Is the Weibull distribution really suited for wind statistics modeling and wind power evaluation?

Wind speed statistics is generally modeled using the Weibull distribution. This distribution is convenient since it fully characterizes analytically with only two parameters (the shape and scale parameters) the shape of distribution and the different moments of the wind speed (mean, standard deviation, skewness and kurtosis). This distribution is broadly used in the wind energy sector to produce maps of wind energy potential. However, the Weibull distribution is based on empirical rather than physical justification and might display strong limitations for its applications. The philosophy of this article is based on the modeling of the wind components instead of the wind speed itself. This provides more physical insights on the validity domain of the Weibull distribution as a possible relevant model for wind statistics and the quantification of the error made by using such a distribution. We thereby propose alternative expressions of more suited wind speed distribution.

💡 Research Summary

The paper critically examines the widespread use of the Weibull distribution for modeling wind‑speed statistics and for estimating wind‑energy potential. While the Weibull’s two‑parameter form (shape k and scale λ) conveniently reproduces the mean, variance, skewness and kurtosis of wind speed, its adoption has been driven largely by empirical convenience rather than a solid physical foundation. To address this gap, the authors adopt a fundamentally different perspective: instead of fitting a probability density directly to wind speed (the scalar magnitude R), they decompose the wind vector into its orthogonal components u (east‑west) and v (north‑south) and model each component separately.

Using a decade of high‑frequency (5‑minute) observations from three representative sites—an offshore coastal station, an inland plain, and a mountainous region—the study first characterises the statistical behaviour of u and v. The authors fit several candidate distributions to each component: simple Gaussian, log‑normal, and a mixture of Gaussians that can capture asymmetry and multimodality. They find that, especially in complex terrain or under strong synoptic forcing, the component distributions deviate markedly from a single Gaussian, exhibiting skewed tails and secondary peaks.

Assuming statistical independence between u and v (a reasonable approximation for the sites examined), the wind‑speed magnitude R = √(u² + v²) is derived numerically from the fitted component distributions. The resulting R‑distribution is then compared with a conventional Weibull fit obtained by maximum‑likelihood estimation. The comparison employs both Kullback‑Leibler (KL) divergence and mean‑squared error (MSE) metrics. For the offshore site, the Weibull approximation is fairly accurate (KL ≈ 0.03), reflecting the relatively isotropic and homogeneous wind regime. In contrast, the mountainous site exhibits KL values between 0.12 and 0.18, indicating substantial mis‑representation of the tail behaviour and peak location.

The practical impact of these statistical discrepancies is evaluated through wind‑power calculations.

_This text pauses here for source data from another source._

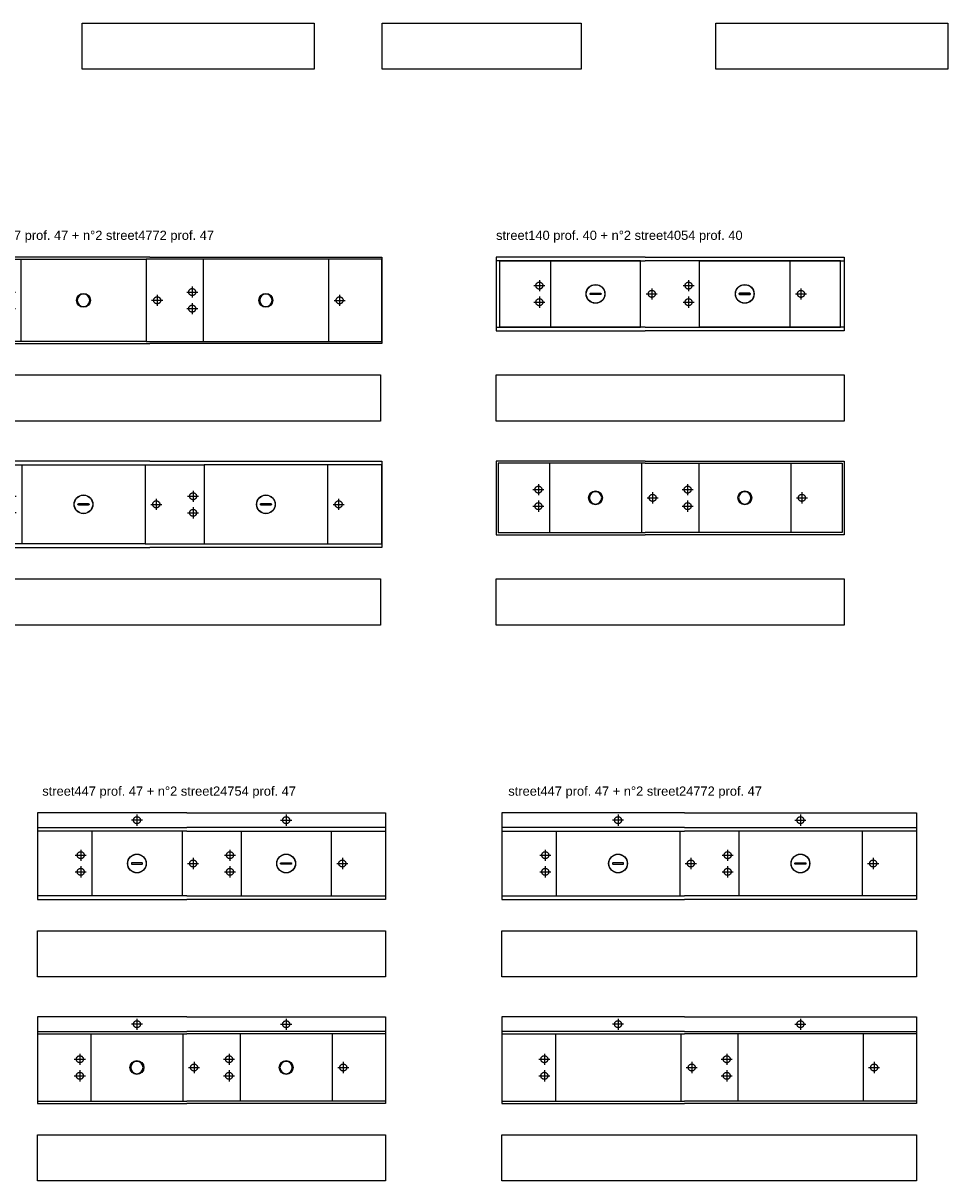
# Model space of a CAD drawing. Header units: millimetres. Extents: x 396 to 4372, y 216 to 1946.
# Tile 3 of 12: x 1275 to 1777, y 518 to 1146. Entities that reach past the tile are written whole.
import ezdxf

# ---------------------------------------------------------------- set-up
doc = ezdxf.new("R2010")
doc.units = ezdxf.units.MM
doc.linetypes.add('ACAD_ISO02W100', pattern=[15, 12, -3])
doc.styles.get("Standard").update_dxf_attribs({"font": 'arial.ttf'})

# ---------------------------------------------------------------- blocks, each defined once
blk = doc.blocks.new('*U24')
blk.add_lwpolyline([(0, 25), (126, 25), (126, 0), (0, 0)], close=True)
blk = doc.blocks.new('*U0')
blk.add_lwpolyline([(0, 25), (108, 25), (108, 0), (0, 0)], close=True)
blk = doc.blocks.new('*U74')
for p, q in [((29.49, 45), (29.51, 2)), ((96.51, 45), (128.49, 45)), ((195.51, 45), (195.49, 2)), ((96.51, 2), (128.49, 2))]:
    blk.add_line(p, q)
for points in [[(99, 47), (0, 47), (0, 0), (99, 0)], [(99, 47), (225, 47), (225, 0), (99, 0)]]:
    blk.add_lwpolyline(points)
for points in [[(0, 45), (96.51, 45), (96.51, 2), (0, 2)], [(225, 45), (128.49, 45), (128.49, 2), (225, 2)], [(60.2, 23.85), (60.3, 23.89), (60.4, 23.9), (65.6, 23.9), (65.7, 23.89), (65.8, 23.85), (65.88, 23.78), (65.95, 23.7), (65.99, 23.6), (66, 23.5), (65.99, 23.4), (65.95, 23.3), (65.88, 23.22), (65.8, 23.15), (65.7, 23.11), (65.6, 23.1), (60.4, 23.1), (60.3, 23.11), (60.2, 23.15), (60.12, 23.22), (60.05, 23.3), (60.01, 23.4), (60, 23.5), (60.01, 23.6), (60.05, 23.7), (60.12, 23.78)], [(159.2, 23.85), (159.3, 23.89), (159.4, 23.9), (164.6, 23.9), (164.7, 23.89), (164.8, 23.85), (164.88, 23.78), (164.95, 23.7), (164.99, 23.6), (165, 23.5), (164.99, 23.4), (164.95, 23.3), (164.88, 23.22), (164.8, 23.15), (164.7, 23.11), (164.6, 23.1), (159.4, 23.1), (159.3, 23.11), (159.2, 23.15), (159.12, 23.22), (159.05, 23.3), (159.01, 23.4), (159, 23.5), (159.01, 23.6), (159.05, 23.7), (159.12, 23.78)]]:
    blk.add_lwpolyline(points, close=True)
for centre, radius in [((63, 23.5), 5.1), ((63, 23.5), 5), ((162, 23.5), 5.1), ((162, 23.5), 5)]:
    blk.add_circle(centre, radius)
at = {"layer": 'Defpoints', "linetype": 'ACAD_ISO02W100'}
for p, q in [((20.49, 28), (26.5, 28)), ((23.5, 31.01), (23.5, 24.99)), ((102.5, 26.51), (102.5, 20.49)), ((119.48, 27.89), (125.5, 27.89)), ((122.49, 30.9), (122.49, 24.88)), ((201.5, 26.51), (201.5, 20.49)), ((20.49, 19), (26.5, 19)), ((23.5, 22.01), (23.5, 15.99)), ((99.49, 23.5), (105.51, 23.5)), ((119.48, 18.89), (125.5, 18.89)), ((122.49, 21.9), (122.49, 15.88)), ((198.49, 23.5), (204.51, 23.5))]:
    blk.add_line(p, q, dxfattribs=at)
for centre in [(23.5, 28), (102.5, 23.5), (122.49, 27.89), (201.5, 23.5), (23.5, 19), (122.49, 18.89)]:
    blk.add_circle(centre, 1.9, dxfattribs=at)
blk = doc.blocks.new('*U72')
blk.add_lwpolyline([(0, 25), (225, 25), (225, 0), (0, 0)], close=True)
blk = doc.blocks.new('*U76')
for p, q in [((29, 45.79), (29, 1.2)), ((128, 45.79), (97, 45.79)), ((196, 45.79), (196, 1.19)), ((97, 1.2), (128, 1.19))]:
    blk.add_line(p, q)
for points in [[(99, 47), (0, 47), (0, 0), (99, -0.01)], [(99, 47), (225, 46.99), (225, -0.01), (99, -0.01)]]:
    blk.add_lwpolyline(points)
for points in [[(0, 45.79), (97, 45.79), (97, 1.2), (0, 1.2)], [(225, 45.79), (128, 45.79), (128, 1.19), (225, 1.19)]]:
    blk.add_lwpolyline(points, close=True)
for centre in [(63, 23.5), (162, 23.49), (162, 23.49)]:
    blk.add_circle(centre, 3.78)
at = {"extrusion": (0, 0, -1)}
for centre in [(-63, 23.5, 0), (-162, 23.49, 0), (-162, 23.49, 0)]:
    blk.add_circle(centre, 3.35, dxfattribs=at)
at = {"layer": 'Defpoints', "linetype": 'ACAD_ISO02W100'}
for p, q in [((19.99, 28), (26.01, 28)), ((23, 31.01), (23, 24.99)), ((103, 26.5, 0), (103, 20.49, 0)), ((119, 27.99, 0), (125.01, 27.99, 0)), ((122, 31, 0), (122, 24.98, 0)), ((202, 26.5), (202, 20.48)), ((19.99, 19), (26.01, 19)), ((23, 22.01), (23, 15.99)), ((99.99, 23.5, 0), (106.01, 23.5, 0)), ((119, 18.99, 0), (125.01, 18.99, 0)), ((122, 22, 0), (122, 15.98, 0)), ((199, 23.49), (205.01, 23.49))]:
    blk.add_line(p, q, dxfattribs=at)
for centre in [(23, 28), (103, 23.5, 0), (122, 27.99, 0), (202, 23.49), (23, 19), (122, 18.99, 0)]:
    blk.add_circle(centre, 1.9, dxfattribs=at)
blk = doc.blocks.new('*U77')
for p, q in [((29.49, 38), (29.49, 2)), ((159.51, 38), (159.51, 2))]:
    blk.add_line(p, q)
for points in [[(81, 40), (0, 40), (0, 0), (81, 0)], [(81, 2), (2, 2), (2, 38), (81, 38)], [(81, 40), (189, 40), (189, 0), (81, 0)], [(81, 2), (187, 2), (187, 38), (81, 38)]]:
    blk.add_lwpolyline(points)
for points in [[(78.49, 38), (0, 38), (0, 2), (78.49, 2)], [(110.51, 38), (189, 38), (189, 2), (110.51, 2)], [(51.2, 20.35), (51.3, 20.39), (51.4, 20.4), (56.6, 20.4), (56.7, 20.39), (56.8, 20.35), (56.88, 20.28), (56.95, 20.2), (56.99, 20.1), (57, 20), (56.99, 19.9), (56.95, 19.8), (56.88, 19.72), (56.8, 19.65), (56.7, 19.61), (56.6, 19.6), (51.4, 19.6), (51.3, 19.61), (51.2, 19.65), (51.12, 19.72), (51.05, 19.8), (51.01, 19.9), (51, 20), (51.01, 20.1), (51.05, 20.2), (51.12, 20.28)], [(132.2, 20.35), (132.3, 20.39), (132.4, 20.4), (137.6, 20.4), (137.7, 20.39), (137.8, 20.35), (137.88, 20.28), (137.95, 20.2), (137.99, 20.1), (138, 20), (137.99, 19.9), (137.95, 19.8), (137.88, 19.72), (137.8, 19.65), (137.7, 19.61), (137.6, 19.6), (132.4, 19.6), (132.3, 19.61), (132.2, 19.65), (132.12, 19.72), (132.05, 19.8), (132.01, 19.9), (132, 20), (132.01, 20.1), (132.05, 20.2), (132.12, 20.28)], [(137.8, 20.35), (137.7, 20.39), (137.6, 20.4), (132.4, 20.4), (132.3, 20.39), (132.2, 20.35), (132.12, 20.28), (132.05, 20.2), (132.01, 20.1), (132, 20), (132.01, 19.9), (132.05, 19.8), (132.12, 19.72), (132.2, 19.65), (132.3, 19.61), (132.4, 19.6), (137.6, 19.6), (137.7, 19.61), (137.8, 19.65), (137.88, 19.72), (137.95, 19.8), (137.99, 19.9), (138, 20), (137.99, 20.1), (137.95, 20.2), (137.88, 20.28)]]:
    blk.add_lwpolyline(points, close=True)
for centre, radius in [((54, 20), 5.1), ((54, 20), 5), ((135, 20), 5.1), ((135, 20), 5.1), ((135, 20), 5), ((135, 20), 5)]:
    blk.add_circle(centre, radius)
at = {"layer": 'Defpoints', "linetype": 'ACAD_ISO02W100'}
for p, q in [((23.5, 27.51), (23.5, 21.49)), ((104.5, 27.51), (104.5, 21.49)), ((20.49, 24.5), (26.51, 24.5)), ((81.52, 20), (87.54, 20)), ((84.53, 23.01), (84.53, 16.99)), ((101.49, 24.5), (107.51, 24.5)), ((162.52, 20), (168.54, 20)), ((165.53, 23.01), (165.53, 16.99)), ((20.49, 15.5), (26.51, 15.5)), ((23.5, 18.51), (23.5, 12.49)), ((101.49, 15.5), (107.51, 15.5)), ((104.5, 18.51), (104.5, 12.49))]:
    blk.add_line(p, q, dxfattribs=at)
for centre in [(23.5, 24.5), (104.5, 24.5), (84.53, 20), (165.53, 20), (23.5, 15.5), (104.5, 15.5)]:
    blk.add_circle(centre, 1.9, dxfattribs=at)
blk = doc.blocks.new('*U79')
for p, q in [((29, 38.79), (29, 1.2, 0)), ((79, 38.79), (79, 1.2)), ((110, 38.79), (110, 1.2)), ((160, 38.79), (160, 1.2, 0))]:
    blk.add_line(p, q)
for points in [[(81, 39.99), (0, 39.99), (0, 0), (81, -0.01)], [(81, 38.79), (1.2, 38.79), (1.2, 1.2), (81, 1.2)], [(81, 39.99), (189, 39.99), (189, 0), (81, -0.01)], [(81, 38.79), (187.8, 38.79), (187.8, 1.2), (81, 1.2)]]:
    blk.add_lwpolyline(points)
for centre in [(54, 20, 0), (135, 20, 0)]:
    blk.add_circle(centre, 3.78)
at = {"extrusion": (0, 0, -1)}
for centre in [(-54, 20, 0), (-135, 20, 0)]:
    blk.add_circle(centre, 3.35, dxfattribs=at)
at = {"layer": 'Defpoints', "linetype": 'ACAD_ISO02W100'}
for p, q in [((23, 27.51, 0), (23, 21.49, 0)), ((104, 27.51, 0), (104, 21.49, 0)), ((19.99, 24.5, 0), (26.01, 24.5, 0)), ((81.99, 20, 0), (88.01, 20, 0)), ((85, 23.01, 0), (85, 16.99, 0)), ((101, 24.5, 0), (107.01, 24.5, 0)), ((163, 20, 0), (169.01, 20, 0)), ((166.01, 23.01, 0), (166.01, 16.99, 0)), ((19.99, 15.5, 0), (26.01, 15.5, 0)), ((23, 18.51, 0), (23, 12.49, 0)), ((101, 15.5, 0), (107.01, 15.5, 0)), ((104, 18.51, 0), (104, 12.49, 0))]:
    blk.add_line(p, q, dxfattribs=at)
for centre in [(23, 24.5, 0), (104, 24.5, 0), (85, 20, 0), (166.01, 20, 0), (23, 15.5, 0), (104, 15.5, 0)]:
    blk.add_circle(centre, 1.9, dxfattribs=at)
blk = doc.blocks.new('*U63')
blk.add_lwpolyline([(0, 25), (189, 25), (189, 0), (0, 0)], close=True)
blk = doc.blocks.new('*U89')
for p, q in [((0, 39), (81, 39)), ((189, 39), (81, 39)), ((81, 37), (0, 37)), ((29.5, 37), (29.5, 2)), ((78.5, 37), (78.5, 2)), ((81, 37), (189, 37)), ((110.5, 37), (110.5, 2)), ((159.5, 37), (159.5, 2)), ((81, 2), (0, 2)), ((81, 2), (189, 2))]:
    blk.add_line(p, q)
for points in [[(81, 47), (0, 47), (0, 0), (81, 0)], [(81, 47), (189, 47), (189, 0), (81, 0)]]:
    blk.add_lwpolyline(points)
for points in [[(56.8, 19.84), (56.7, 19.88), (56.6, 19.9), (51.4, 19.9), (51.3, 19.88), (51.2, 19.84), (51.12, 19.78), (51.05, 19.7), (51.01, 19.6), (51, 19.5), (51.01, 19.39), (51.05, 19.3), (51.12, 19.21), (51.2, 19.15), (51.3, 19.11), (51.4, 19.1), (56.6, 19.1), (56.7, 19.11), (56.8, 19.15), (56.88, 19.21), (56.95, 19.3), (56.99, 19.39), (57, 19.5), (56.99, 19.6), (56.95, 19.7), (56.88, 19.78)], [(132.2, 19.84), (132.3, 19.88), (132.4, 19.9), (137.6, 19.9), (137.7, 19.88), (137.8, 19.84), (137.88, 19.78), (137.95, 19.7), (137.99, 19.6), (138, 19.5), (137.99, 19.39), (137.95, 19.3), (137.88, 19.21), (137.8, 19.15), (137.7, 19.11), (137.6, 19.1), (132.4, 19.1), (132.3, 19.11), (132.2, 19.15), (132.12, 19.21), (132.05, 19.3), (132.01, 19.39), (132, 19.5), (132.01, 19.6), (132.05, 19.7), (132.12, 19.78)]]:
    blk.add_lwpolyline(points, close=True)
for centre, radius in [((54, 19.5), 5.1), ((54, 19.5), 5), ((135, 19.5), 5.1), ((135, 19.5), 5)]:
    blk.add_circle(centre, radius)
at = {"layer": 'Defpoints', "linetype": 'ACAD_ISO02W100'}
for p, q in [((54, 46.01), (54, 39.99)), ((135, 46.01), (135, 39.99)), ((57.01, 43), (50.99, 43)), ((131.99, 43), (138.01, 43)), ((23.5, 27.01), (23.5, 20.99)), ((104.5, 27.01), (104.5, 20.99)), ((20.49, 24), (26.51, 24)), ((81.49, 19.5), (87.51, 19.5)), ((84.5, 22.5), (84.5, 16.49)), ((101.49, 24), (107.51, 24)), ((162.49, 19.5), (168.51, 19.5)), ((165.5, 22.5), (165.5, 16.49)), ((20.49, 15), (26.51, 15)), ((23.5, 18.01), (23.5, 11.99)), ((101.49, 15), (107.51, 15)), ((104.5, 18.01), (104.5, 11.99))]:
    blk.add_line(p, q, dxfattribs=at)
for centre in [(54, 43), (135, 43), (23.5, 24), (104.5, 24), (84.5, 19.5), (165.5, 19.5), (23.5, 15), (104.5, 15)]:
    blk.add_circle(centre, 1.9, dxfattribs=at)
blk = doc.blocks.new('*U90')
for p, q in [((0, 39), (81, 39)), ((0, 37.8), (81, 37.8)), ((29, 37.8), (29, 1.2)), ((79, 37.8), (79, 1.2, 0)), ((189, 39), (81, 39)), ((189, 37.8), (81, 37.8)), ((110, 37.8), (110, 1.2, 0)), ((160, 37.8), (160, 1.2)), ((0, 1.2), (81, 1.2)), ((189, 1.2), (81, 1.2))]:
    blk.add_line(p, q)
for points in [[(81, 46.99), (0, 47), (0, 0), (81, -0.01)], [(81, 46.99), (189, 47), (189, 0), (81, -0.01)]]:
    blk.add_lwpolyline(points)
for centre in [(54, 19.5), (135, 19.5)]:
    blk.add_circle(centre, 3.78)
at = {"extrusion": (0, 0, -1)}
for centre in [(-54, 19.5, 0), (-135, 19.5, 0)]:
    blk.add_circle(centre, 3.35, dxfattribs=at)
at = {"layer": 'Defpoints', "linetype": 'ACAD_ISO02W100'}
for p, q in [((54, 46.01), (54, 39.99)), ((135.01, 46), (135.01, 39.99)), ((57.01, 43), (50.99, 43)), ((132, 42.99), (138.02, 42.99)), ((23, 27.01), (23, 20.99)), ((104, 27.01), (104, 20.99)), ((19.99, 24), (26.01, 24)), ((81.99, 19.5), (88.01, 19.5)), ((85, 22.5), (85, 16.49)), ((100.99, 24), (107.01, 24)), ((162.99, 19.49, 0), (169.01, 19.49, 0)), ((166, 22.5, 0), (166, 16.48, 0)), ((19.99, 15), (26.01, 15)), ((23, 18.01), (23, 11.99)), ((100.99, 15), (107.01, 15)), ((104, 18.01), (104, 11.99))]:
    blk.add_line(p, q, dxfattribs=at)
for centre in [(54, 43), (135.01, 42.99), (23, 24), (104, 24), (85, 19.5), (166, 19.49, 0), (23, 15), (104, 15)]:
    blk.add_circle(centre, 1.9, dxfattribs=at)
blk = doc.blocks.new('*U91')
for p, q in [((99, 39), (0, 39)), ((99, 39), (225, 39)), ((0, 37), (99, 37)), ((29.5, 37), (29.5, 2)), ((96.5, 37), (96.5, 2)), ((225, 37), (99, 37)), ((128.5, 37), (128.5, 2)), ((195.5, 37), (195.5, 2)), ((0, 2), (99, 2)), ((225, 2), (99, 2))]:
    blk.add_line(p, q)
for points in [[(99, 47), (0, 47), (0, 0), (99, 0)], [(99, 47), (225, 47), (225, 0), (99, 0)]]:
    blk.add_lwpolyline(points)
for points in [[(65.8, 19.84), (65.7, 19.88), (65.6, 19.9), (60.4, 19.9), (60.3, 19.88), (60.2, 19.84), (60.12, 19.78), (60.05, 19.7), (60.01, 19.6), (60, 19.5), (60.01, 19.39), (60.05, 19.3), (60.12, 19.21), (60.2, 19.15), (60.3, 19.11), (60.4, 19.1), (65.6, 19.1), (65.7, 19.11), (65.8, 19.15), (65.88, 19.21), (65.95, 19.3), (65.99, 19.39), (66, 19.5), (65.99, 19.6), (65.95, 19.7), (65.88, 19.78)], [(159.2, 19.84), (159.3, 19.88), (159.4, 19.9), (164.6, 19.9), (164.7, 19.88), (164.8, 19.84), (164.88, 19.78), (164.95, 19.7), (164.99, 19.6), (165, 19.5), (164.99, 19.39), (164.95, 19.3), (164.88, 19.21), (164.8, 19.15), (164.7, 19.11), (164.6, 19.1), (159.4, 19.1), (159.3, 19.11), (159.2, 19.15), (159.12, 19.21), (159.05, 19.3), (159.01, 19.39), (159, 19.5), (159.01, 19.6), (159.05, 19.7), (159.12, 19.78)]]:
    blk.add_lwpolyline(points, close=True)
for centre, radius in [((63, 19.5), 5.1), ((63, 19.5), 5), ((162, 19.5), 5.1), ((162, 19.5), 5)]:
    blk.add_circle(centre, radius)
at = {"layer": 'Defpoints', "linetype": 'ACAD_ISO02W100'}
for p, q in [((63, 46.01), (63, 39.99)), ((162, 46.01), (162, 39.99)), ((66.01, 43), (59.99, 43)), ((158.99, 43), (165.01, 43)), ((23.5, 27.01), (23.5, 20.99)), ((122.5, 27.01), (122.5, 20.99)), ((20.49, 24), (26.51, 24)), ((99.49, 19.5), (105.51, 19.5)), ((102.5, 22.5), (102.5, 16.49)), ((119.49, 24), (125.51, 24)), ((198.49, 19.5), (204.51, 19.5)), ((201.5, 22.5), (201.5, 16.49)), ((20.49, 15), (26.51, 15)), ((23.5, 18.01), (23.5, 11.99)), ((119.49, 15), (125.51, 15)), ((122.5, 18.01), (122.5, 11.99))]:
    blk.add_line(p, q, dxfattribs=at)
for centre in [(63, 43), (162, 43), (23.5, 24), (122.5, 24), (102.5, 19.5), (201.5, 19.5), (23.5, 15), (122.5, 15)]:
    blk.add_circle(centre, 1.9, dxfattribs=at)
blk = doc.blocks.new('*U92')
for p, q in [((99, 39), (0, 39)), ((0, 37.8), (99, 37.8)), ((29, 37.8, 0), (29, 1.2)), ((97, 37.8, 0), (97, 1.2)), ((99, 39), (225, 38.99)), ((225, 37.79), (99, 37.8)), ((128, 37.79, 0), (128, 1.19)), ((196, 37.79, 0), (196, 1.19)), ((0, 1.2), (99, 1.2)), ((225, 1.19), (99, 1.2))]:
    blk.add_line(p, q)
for points in [[(99, 47), (0, 47), (0, 0), (99, -0.01)], [(99, 47), (225, 46.99), (225, -0.01), (99, -0.01)]]:
    blk.add_lwpolyline(points)
at = {"layer": 'Defpoints', "linetype": 'ACAD_ISO02W100'}
for p, q in [((63, 46.01), (63, 39.99)), ((162, 46), (162, 39.98)), ((66.01, 43), (59.99, 43)), ((158.99, 42.99), (165.01, 42.99)), ((23, 27.01), (23, 20.99)), ((122, 27, 0), (122, 20.98, 0)), ((19.99, 24), (26.01, 24)), ((99.99, 19.5, 0), (106.01, 19.5, 0)), ((103, 22.5, 0), (103, 16.49, 0)), ((118.99, 23.99, 0), (125.01, 23.99, 0)), ((198.99, 19.49), (205.01, 19.49)), ((202, 22.5), (202, 16.48)), ((19.99, 15), (26.01, 15)), ((23, 18.01), (23, 11.99)), ((118.99, 14.99, 0), (125.01, 14.99, 0)), ((122, 18, 0), (122, 11.98, 0))]:
    blk.add_line(p, q, dxfattribs=at)
for centre in [(63, 43), (162, 42.99), (23, 24), (122, 23.99, 0), (103, 19.5, 0), (202, 19.49), (23, 15), (122, 14.99, 0)]:
    blk.add_circle(centre, 1.9, dxfattribs=at)

msp = doc.modelspace()

# ---------------------------------------------------------------- block references
at = {"color": 3}
for name, p in [('*U24', (1307.45, 1121.15)), ('*U24', (1651.45, 1121.15)), ('*U72', (1244.39, 930.24, 0)), ('*U72', (1244.39, 819.53, 0)), ('*U72', (1535.42, 628.62, 0)), ('*U72', (1535.42, 517.91, 0))]:
    msp.add_blockref(name, p, dxfattribs=at)
for name, p in [('*U0', (1470.45, 1121.15)), ('*U76', (1245.26, 972.24, 0)), ('*U77', (1532.2, 979.23, 0)), ('*U63', (1532.2, 930.24, 0)), ('*U74', (1245.26, 861.53, 0)), ('*U79', (1532.2, 868.54)), ('*U63', (1532.2, 819.53, 0)), ('*U89', (1283.26, 670.62, 0)), ('*U91', (1535.42, 670.62, 0)), ('*U63', (1283.26, 628.62, 0)), ('*U90', (1283.26, 559.91, 0)), ('*U92', (1535.42, 559.91, 0)), ('*U63', (1283.26, 517.91))]:
    msp.add_blockref(name, p)

# ---------------------------------------------------------------- texts
at = {"char_height": 5, "attachment_point": 1}
for s, insert in [('street247 prof. 47 + n°2 street4772 prof. 47', (1245.26, 1033.53, 0)), ('street140 prof. 40 + n°2 street4054 prof. 40', (1532.2, 1033.53, 0)), ('street447 prof. 47 + n°2 street24754 prof. 47', (1285.88, 731.91)), ('street447 prof. 47 + n°2 street24772 prof. 47 ', (1538.84, 731.91))]:
    msp.add_mtext_dynamic_manual_height_columns(s, width=143.0319, gutter_width=12.5, heights=[0], dxfattribs=dict(at, insert=insert))

doc.saveas('drawing.dxf')

Using a typical cubic power curve (P ∝ R³) and integrating over the fitted probability densities, the authors compute annual energy yield (AEY) estimates. The Weibull‑based AEY deviates from the component‑based “ground‑truth” by 8 % on average, with errors reaching up to 22 % in the most complex terrain. By contrast, alternative distributions—log‑normal, generalized Gamma, and the Gaussian mixture—reduce the AEY error to below 2 %.

The authors conclude that while the Weibull distribution remains a useful first‑order tool for rapid screening and for regions with relatively simple wind regimes, it can introduce significant bias in energy‑production assessments for sites with heterogeneous or strongly directional wind fields. Modeling the wind vector components directly provides a physically motivated framework that captures anisotropy, non‑Gaussian tails, and multimodal behaviour. This component‑based approach not only yields more accurate wind‑speed PDFs but also improves the reliability of wind‑energy forecasts, especially when coupled with climate‑change scenarios or high‑resolution numerical weather prediction outputs.

Future work suggested includes integrating the component‑based PDFs with dynamical downscaling models, exploring dependence structures beyond independence (e.g., copulas), and extending the methodology to offshore wind farms where sea‑state interactions may further modify the component statistics.